Racing gender

Racial inequalities, and the way in which they are gendered, are largely a product of a world history which saw the first industrialized nations go forth to appropriate the land and resources of people on other con­tinents. Colonization was an economic process but was justified by ideas that represented whiteness and white ways of doing things as superior. White women may have been central in attempts to ‘civilize the natives’, attempts that assumed that native women would be better off if they turned away from traditional cultures. However ‘traditional’ cultures may have offered women more status and autonomy than the Western cultures they were being exhorted to accept (Etienne and Leacock, 1980). Whatever the state of gender relations pre-contact, it is certainly the case that colonization reshaped these relations on a global scale. Most of those theorizing the gendering of racial inequalities within a global framework have rejected modernization theory’s ‘West is best’ model of economic development. Feminist economists have interrogated systems of national accounting and found them neglectful of women’s contributions (Beneria, see for example, 1995; Waring, 1999/1986). Other feminists (for example, Mies, 1982) have drawn on dependency and world systems theory to argue that capitalist patriarchy in the West is maintained by exploiting the labour of Third World women. However, it has been noted that dependency theory tends to see women as trapped within the domestic sphere and its ‘traditional’ practices, and therefore as victims within patriarchal households rather than as potential revolutionaries. More questions need to be asked about the complex role women and the household play within ‘dependent’ nations (Scott, 1995). This requires consideration of colonization as both an economic and a cultural process, concerned with both the distribution of resources and the flow of meanings.

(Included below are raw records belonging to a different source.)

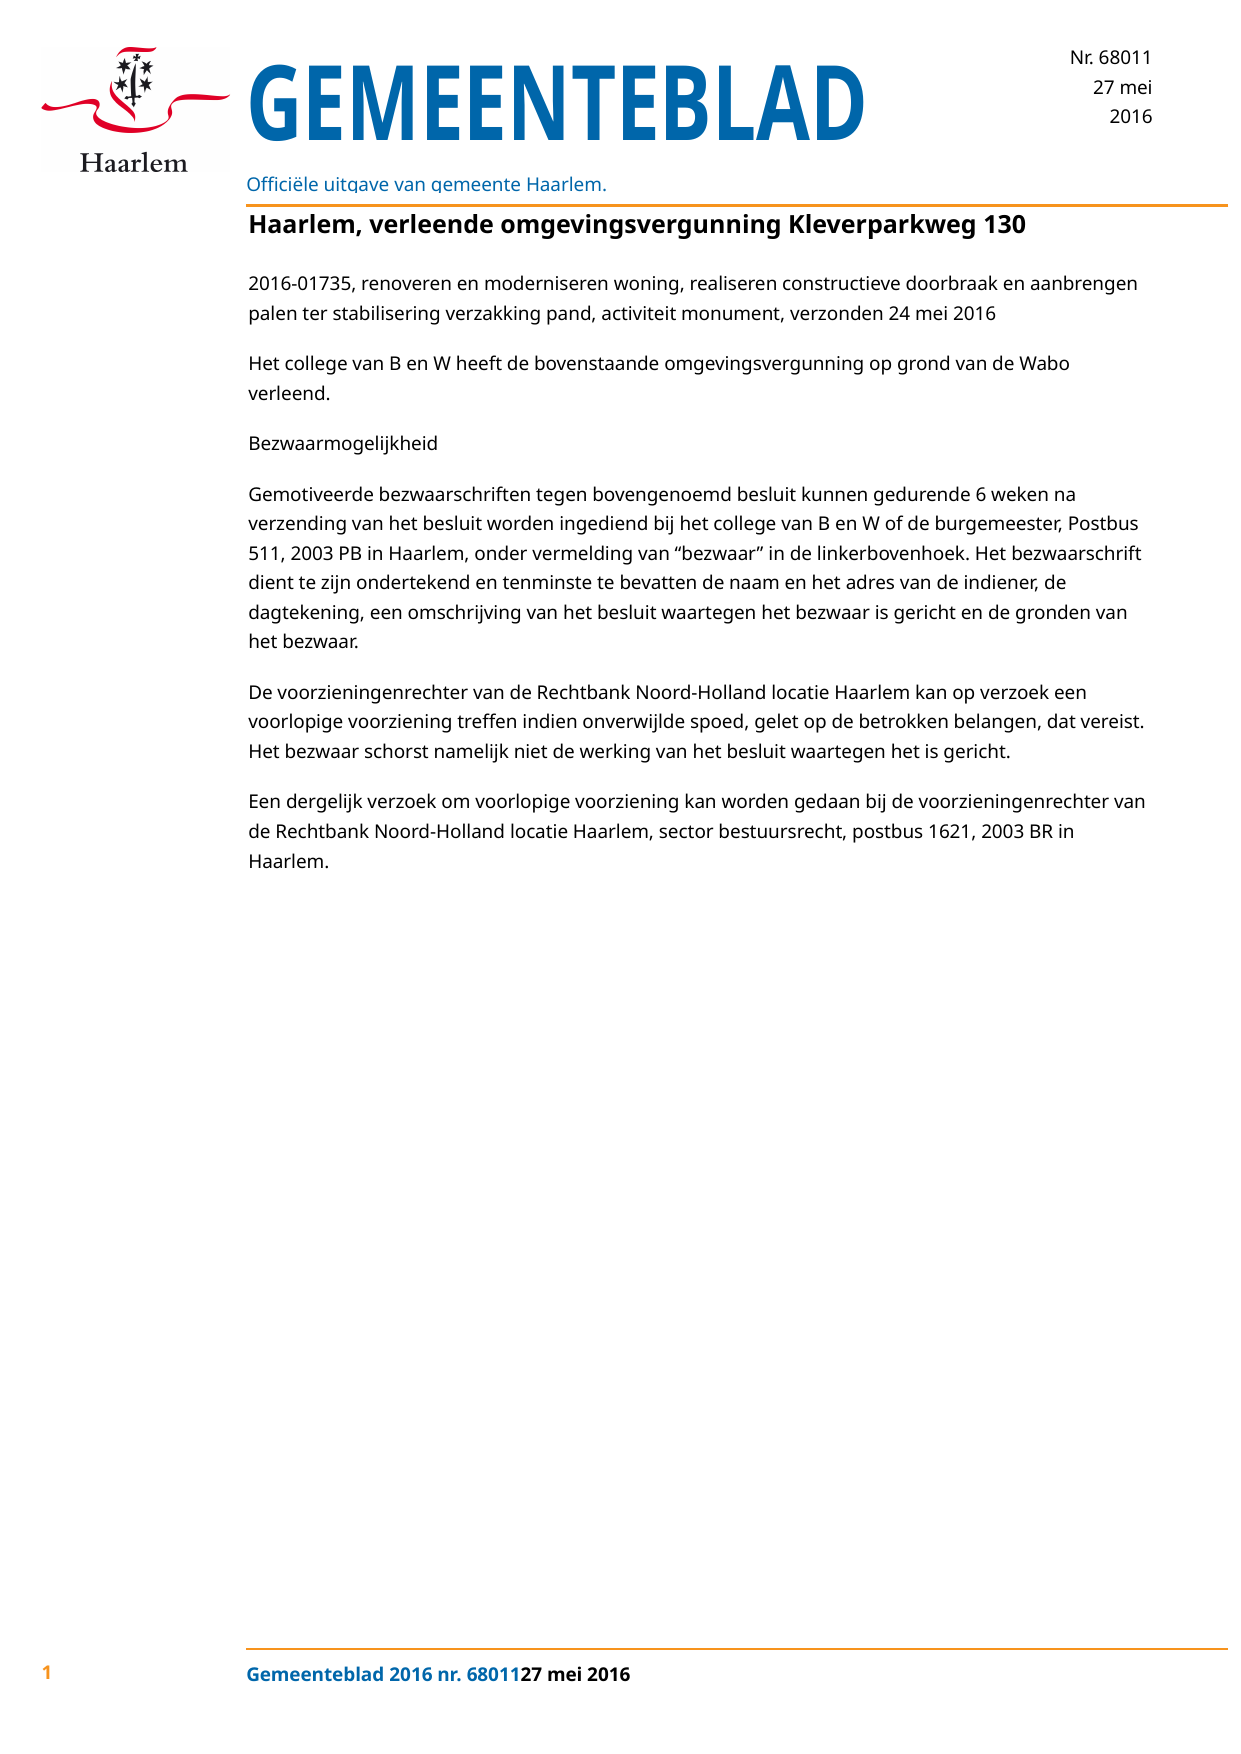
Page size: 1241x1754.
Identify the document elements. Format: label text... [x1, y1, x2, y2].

text Het college van B en W heeft de bovenstaande omgevingsvergunning op grond van de Wabo verleend. [248, 350, 1152, 406]
text De voorzieningenrechter van de Rechtbank Noord-Holland locatie Haarlem kan op verzoek een voorlopige voorziening treffen indien onverwijlde spoed, gelet op de betrokken belangen, dat vereist. Het bezwaar schorst namelijk niet de werking van het besluit waartegen het is gericht. [248, 679, 1152, 764]
text Gemotiveerde bezwaarschriften tegen bovengenoemd besluit kunnen gedurende 6 weken na verzending van het besluit worden ingediend bij het college van B en W of de burgemeester, Postbus 511, 2003 PB in Haarlem, onder vermelding van “bezwaar” in de linkerbovenhoek. Het bezwaarschrift dient te zijn ondertekend en tenminste te bevatten de naam en het adres van de indiener, de dagtekening, een omschrijving van het besluit waartegen het bezwaar is gericht en de gronden van het bezwaar. [248, 481, 1152, 654]
text Haarlem, verleende omgevingsvergunning Kleverparkweg 130 [248, 207, 1152, 241]
text Een dergelijk verzoek om voorlopige voorziening kan worden gedaan bij de voorzieningenrechter van de Rechtbank Noord-Holland locatie Haarlem, sector bestuursrecht, postbus 1621, 2003 BR in Haarlem. [248, 789, 1152, 873]
text 2016-01735, renoveren en moderniseren woning, realiseren constructieve doorbraak en aanbrengen palen ter stabilisering verzakking pand, activiteit monument, verzonden 24 mei 2016 [248, 270, 1152, 326]
picture [41, 47, 231, 172]
text Bezwaarmogelijkheid [248, 430, 1152, 456]

Dominant meanings around colonialism remain influential in understanding how gender and race are intertwined. Views of non-white peoples as primitive, exotic, and/or highly sexual were used to justify the invasion of their lands, the devaluing of their existing ways of doing gender, and the conquest of indigenous women. Women have been central in resisting these views and indeed in asserting the rights of indigenous and previously enslaved peoples (see hooks, 1992; Smith, 1999; Wollacott, 2006). Such processes of decolonization are ongoing and need to include the problematizing of whiteness and all the privileges attached (Bonnett, 2000; hooks, 1992; Spivak, 1990). Further work is needed to see how class inequalities are interwoven with those around gender and ‘race’, but some brief suggestions can be made.